Of course, only .tar saves *nix permissions info, as .ZIP was less
friendly (by default) since it was DOS-oriented. Yes, you can kludge
it with your own workarounds (and who knows what can optionally be
saved in "extra fields", better check appnote.txt), but due to that, I
think, most people on *nix still don't use .ZIP very much.

.gz (LZ77?) was actually just meant to be a patent-free replacement
for "compress" .Z, which used (IIRC,  now unpatented) LZW.

> So if you compress many similar files, TAR.GZ gives you the smaller archive.

"Usually" but not always. 7-Zip provides its own "improved" Deflate,
which is slightly better (tries harder, gives up less easily) than the
algorithm typically used in such encoders. I'm not sure of the details
(no EOS markers?). Long story short: .ZIP has bigger internal headers
but it's very minor difference (overall), so it's still technically
possible to use (for instance) 7-Zip to create a .ZIP that is actually
smaller than a (normal) "GNU gzip"-produced .gz file (for the same

> More modern algorithms like BZIP2 will
> often compress data better, but will spend much more RAM and CPU
> time in doing that. So TAR.BZ2 is smaller than TAR.GZ which uses

"Usually" smaller.

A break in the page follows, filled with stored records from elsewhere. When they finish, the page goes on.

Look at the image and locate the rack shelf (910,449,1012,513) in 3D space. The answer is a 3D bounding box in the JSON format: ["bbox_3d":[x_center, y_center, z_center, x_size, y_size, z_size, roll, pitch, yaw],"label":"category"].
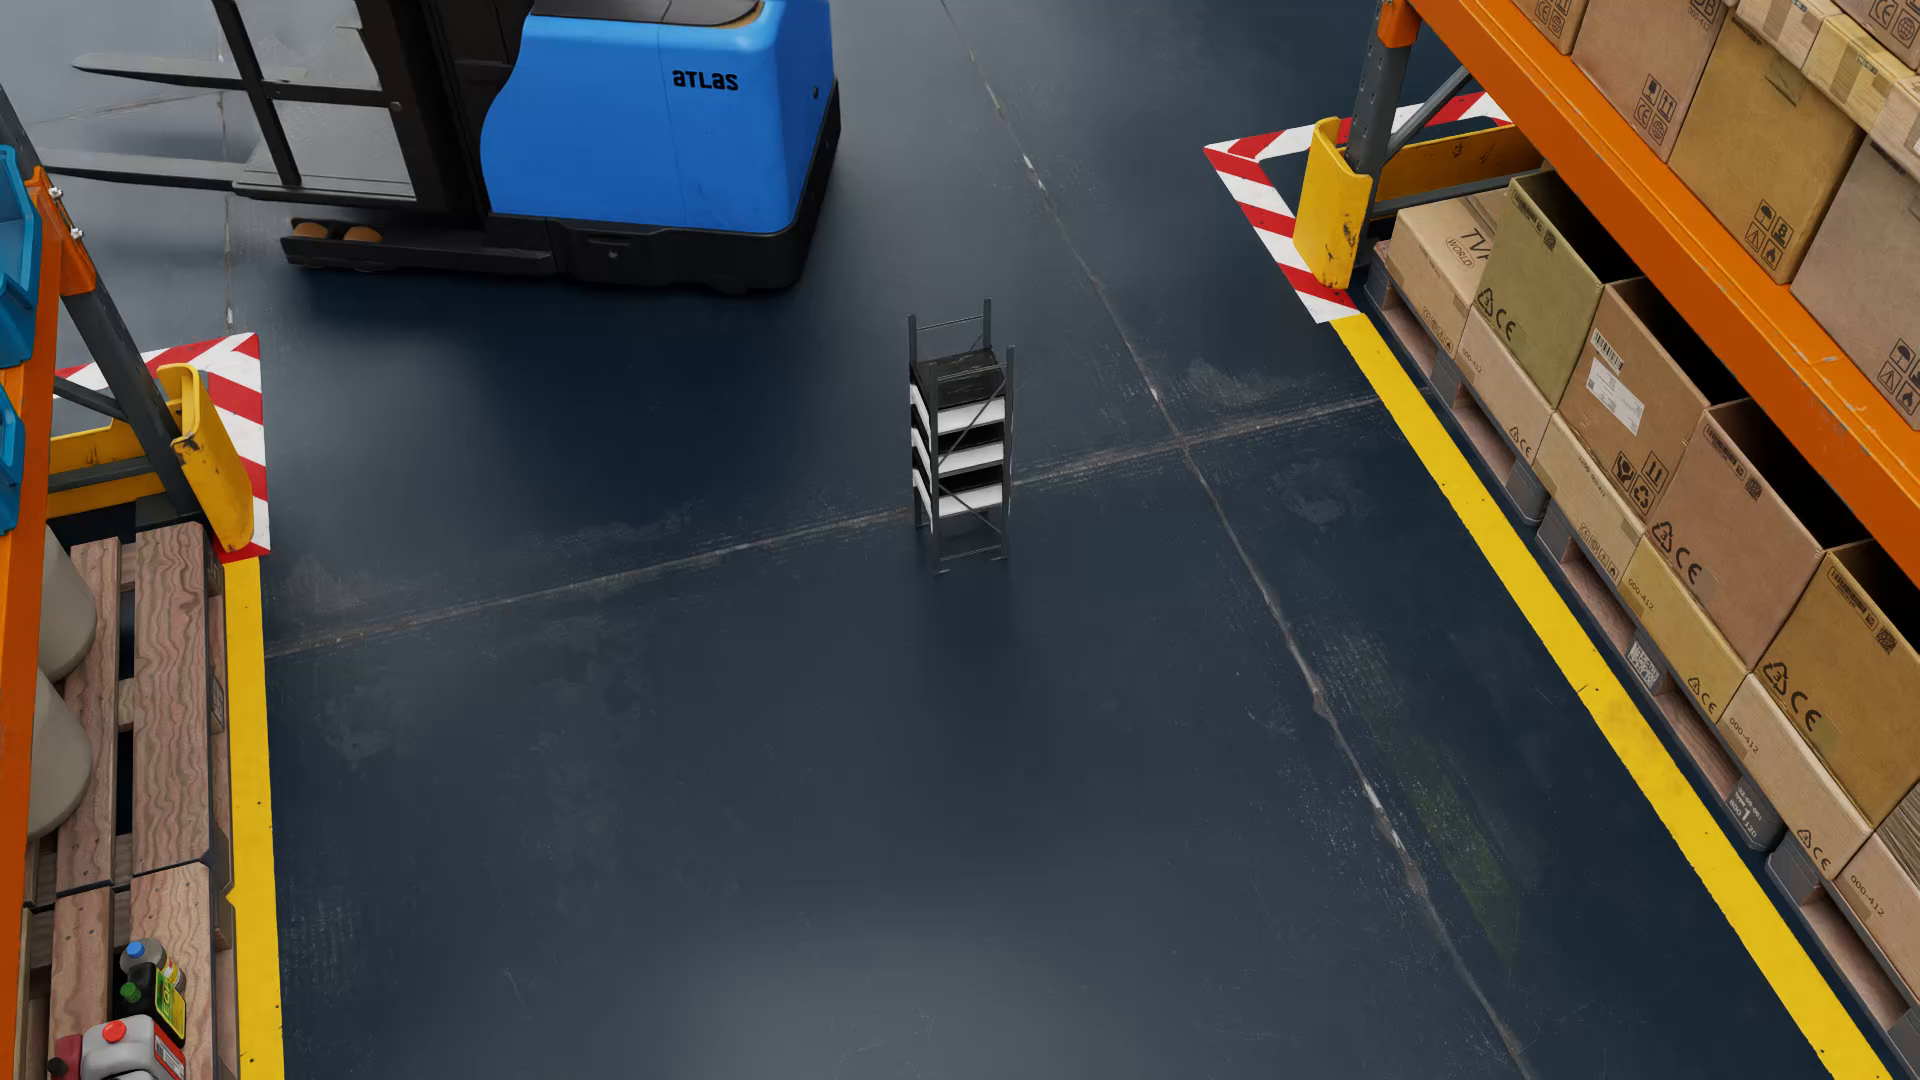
[{"bbox_3d":[-10.165,-11.826,13.193,11.303,3.100,33.284,-13,51,-11],"label":"rack shelf"}]

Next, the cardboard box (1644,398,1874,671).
[{"bbox_3d":[2.224,-0.052,4.365,0.500,0.500,0.500,-13,51,-11],"label":"cardboard box"}]

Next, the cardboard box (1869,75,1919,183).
[{"bbox_3d":[2.201,-0.883,3.543,0.380,0.149,0.250,-13,51,-11],"label":"cardboard box"}]

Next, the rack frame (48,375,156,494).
[{"bbox_3d":[-2.899,-0.982,4.116,0.949,2.616,0.053,-13,51,-11],"label":"rack frame"}]

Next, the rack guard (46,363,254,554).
[{"bbox_3d":[-2.829,-0.132,5.034,1.175,0.500,0.348,-13,51,-11],"label":"rack guard"}]

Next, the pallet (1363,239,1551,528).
[{"bbox_3d":[2.103,-0.652,5.661,1.003,0.211,1.213,-13,51,-11],"label":"pallet"}]

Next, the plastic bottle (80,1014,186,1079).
[{"bbox_3d":[-1.886,1.186,3.782,0.152,0.276,0.135,-13,51,-11],"label":"plastic bottle"}]

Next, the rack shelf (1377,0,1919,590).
[{"bbox_3d":[2.428,-0.407,4.102,1.077,0.370,4.000,-13,51,-11],"label":"rack shelf"}]

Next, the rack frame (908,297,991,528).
[{"bbox_3d":[-0.028,-0.358,4.964,0.240,0.900,0.006,-13,51,-11],"label":"rack frame"}]

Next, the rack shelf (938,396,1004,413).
[{"bbox_3d":[0.002,-0.446,4.709,0.199,0.015,0.184,-13,51,-11],"label":"rack shelf"}]

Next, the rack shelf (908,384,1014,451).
[{"bbox_3d":[0.002,-0.379,4.789,0.258,0.077,0.200,-13,51,-11],"label":"rack shelf"}]

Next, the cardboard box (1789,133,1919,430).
[{"bbox_3d":[2.423,-0.658,3.777,0.700,0.500,0.500,-12,51,-10],"label":"cardboard box"}]

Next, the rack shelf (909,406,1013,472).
[{"bbox_3d":[0.002,-0.321,4.858,0.258,0.077,0.200,-13,51,-11],"label":"rack shelf"}]

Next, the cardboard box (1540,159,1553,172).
[{"bbox_3d":[2.280,-1.266,5.389,0.500,0.500,0.500,-13,51,-11],"label":"cardboard box"}]

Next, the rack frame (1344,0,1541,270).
[{"bbox_3d":[1.837,-2.100,5.058,1.000,3.000,0.127,-13,51,-11],"label":"rack frame"}]

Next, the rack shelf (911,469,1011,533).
[{"bbox_3d":[0.002,-0.147,5.064,0.258,0.077,0.200,-13,51,-11],"label":"rack shelf"}]

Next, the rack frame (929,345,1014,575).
[{"bbox_3d":[0.032,-0.210,4.838,0.240,0.900,0.006,-13,51,-11],"label":"rack frame"}]

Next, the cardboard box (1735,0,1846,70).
[{"bbox_3d":[2.054,-1.252,3.854,0.380,0.149,0.250,-15,51,-12],"label":"cardboard box"}]

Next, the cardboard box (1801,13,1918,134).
[{"bbox_3d":[2.130,-1.065,3.697,0.380,0.149,0.250,-14,51,-11],"label":"cardboard box"}]

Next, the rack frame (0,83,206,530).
[{"bbox_3d":[-2.896,-0.982,4.116,1.000,3.000,0.127,-13,51,-11],"label":"rack frame"}]

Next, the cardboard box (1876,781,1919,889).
[{"bbox_3d":[2.537,0.674,3.753,0.500,0.500,0.500,-13,51,-11],"label":"cardboard box"}]

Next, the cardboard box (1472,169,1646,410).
[{"bbox_3d":[1.933,-0.784,4.982,0.500,0.500,0.500,-13,51,-11],"label":"cardboard box"}]

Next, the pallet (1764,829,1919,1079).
[{"bbox_3d":[2.825,1.130,4.159,1.003,0.211,1.213,-13,51,-11],"label":"pallet"}]

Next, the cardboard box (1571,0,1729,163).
[{"bbox_3d":[2.123,-1.406,4.408,0.700,0.500,0.500,-12,51,-10],"label":"cardboard box"}]

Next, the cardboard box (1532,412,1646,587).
[{"bbox_3d":[2.082,-0.177,4.961,0.500,0.250,0.500,-13,51,-11],"label":"cardboard box"}]

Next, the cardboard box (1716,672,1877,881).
[{"bbox_3d":[2.373,0.554,4.345,0.500,0.250,0.500,-13,51,-11],"label":"cardboard box"}]

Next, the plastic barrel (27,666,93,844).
[{"bbox_3d":[-2.480,0.514,4.208,0.421,0.512,0.421,0,50,0],"label":"plastic barrel"}]

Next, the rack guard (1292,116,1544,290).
[{"bbox_3d":[1.830,-1.311,6.029,1.175,0.500,0.348,-13,51,-11],"label":"rack guard"}]

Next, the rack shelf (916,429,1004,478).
[{"bbox_3d":[0.002,-0.276,4.911,0.221,0.026,0.190,-13,51,-11],"label":"rack shelf"}]

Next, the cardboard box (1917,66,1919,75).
[{"bbox_3d":[2.437,-1.051,3.260,0.700,0.500,0.500,-13,51,-11],"label":"cardboard box"}]

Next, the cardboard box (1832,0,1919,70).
[{"bbox_3d":[2.289,-1.417,3.568,0.700,0.500,0.500,-13,51,-11],"label":"cardboard box"}]

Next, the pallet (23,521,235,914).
[{"bbox_3d":[-2.594,0.556,4.643,1.003,0.211,1.213,-13,51,-11],"label":"pallet"}]

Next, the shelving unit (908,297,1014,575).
[{"bbox_3d":[-10.164,-11.825,13.191,11.303,3.100,33.289,-13,51,-11],"label":"shelving unit"}]

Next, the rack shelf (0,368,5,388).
[{"bbox_3d":[-2.305,0.647,3.085,0.919,0.124,3.809,-13,51,-11],"label":"rack shelf"}]

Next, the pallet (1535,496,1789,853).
[{"bbox_3d":[2.460,0.238,4.911,1.003,0.211,1.213,-13,51,-11],"label":"pallet"}]

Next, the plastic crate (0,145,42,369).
[{"bbox_3d":[-2.462,-0.637,3.922,0.499,0.251,0.616,-13,51,-11],"label":"plastic crate"}]

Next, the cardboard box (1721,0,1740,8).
[{"bbox_3d":[1.973,-1.446,4.018,0.380,0.149,0.250,-14,51,-12],"label":"cardboard box"}]

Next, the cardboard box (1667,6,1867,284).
[{"bbox_3d":[2.264,-1.042,4.101,0.700,0.500,0.500,-13,51,-11],"label":"cardboard box"}]

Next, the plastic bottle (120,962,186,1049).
[{"bbox_3d":[-1.882,1.075,3.871,0.061,0.283,0.133,-12,51,-10],"label":"plastic bottle"}]

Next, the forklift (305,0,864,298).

And yes, Bzip2 wasn't really ever ported (AFAIK) to
anything less than 32-bit machines, not the least reason of which is
the 900 kb max blocksize (versus 32 kb) and of course its slower speed
overall. At risk of stating the obvious, there's always a tradeoff
between compressed output size and (de)compression speed and RAM

At risk of sounding snobbish (unintentionally), I think Gzip (Deflate)
is very weak. For very large files, it's inefficient, and thus I
wouldn't recommend it directly these days. Though a 35 MB file vs. 50
MB is (at least to most "modern" people) not a difference worth
worrying about (sadly). These days you can't do anything without a
fast network connection and tons of RAM and tons of disk space.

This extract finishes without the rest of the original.